Thanks, Alex. Here's a portion of a 2015 article about the Electrolux Corporation plant in Old Greenwich along with some accompanying photo's from 1948 and presumably the '60s or '70s (that you have maybe seen):
GREENWICH TIME - June 13, 2015
White-collar Greenwich was built on a foundation of heavy labor
Robert Marchant
The factory that lasted the longest in Greenwich was the one that produced an innovative line of vacuum cleaners. It seemed a fool’s endeavor to start a business in the depths of the Great Depression, but a group of European investors under the leadership of Gustaf Sahlin, a Swedish businessman, brought Electrolux to these shores in late 1933. The company established its first American plant in Old Greenwich, occupying buildings previously owned by a tool and lathe company, and before that, the Welte-Tripp Pipe Organ Company.
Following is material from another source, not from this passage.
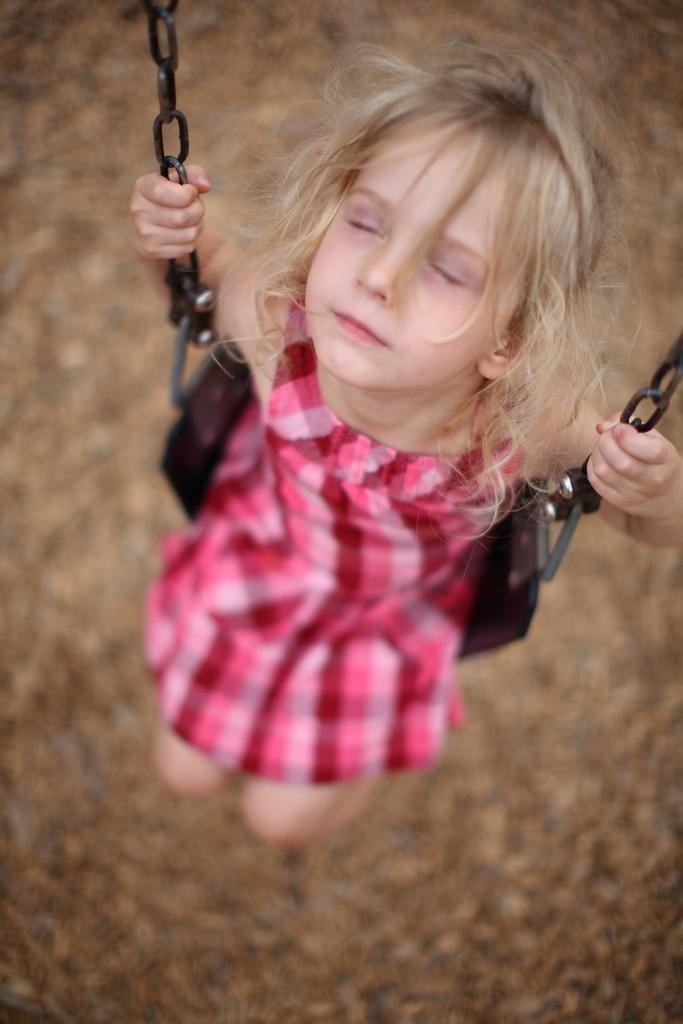What is the main subject of the image? The main subject of the image is a baby. What is the baby wearing? The baby is wearing a red gown. What is the baby doing in the image? The baby is sitting on a swing. How many cows are visible in the image? There are no cows present in the image. What type of advertisement is being displayed on the swing? There is no advertisement present in the image; it is a baby sitting on a swing.

Some 21 million vacuum cleaners came off the assembly line at the plant off Forest Avenue. Local residents could feel the ground shake when the heavy turbines started up in the morning, and they knew not to drive anywhere near the plant during shift-changes.
The impractical lay-out of the factory, along with usual difficulties associated with running a major factory in the Northeast, eventually made the operation unsustainable.
There was sense of sadness and loss when the last factory in town finally closed.
“It’s sort of like family here,” said a worker, Frank Ponske, when the plant shut down for good on June 1, 1985.
There were definite costs associated with the industrial operations in Greenwich — children as young as 13 working in the plants, a substantial number of deaths and injuries. The environmental toll was also considerable — old-timers can recall the stench coming off the Byram River that forced people indoors, and the pollution emanating from the coal-burning plants was fearsome.
Despite those costs, the plants propelled the nation forward. Looking at the red-brick remnants they left behind, one can almost feel the ground shake like distant thunder from another era.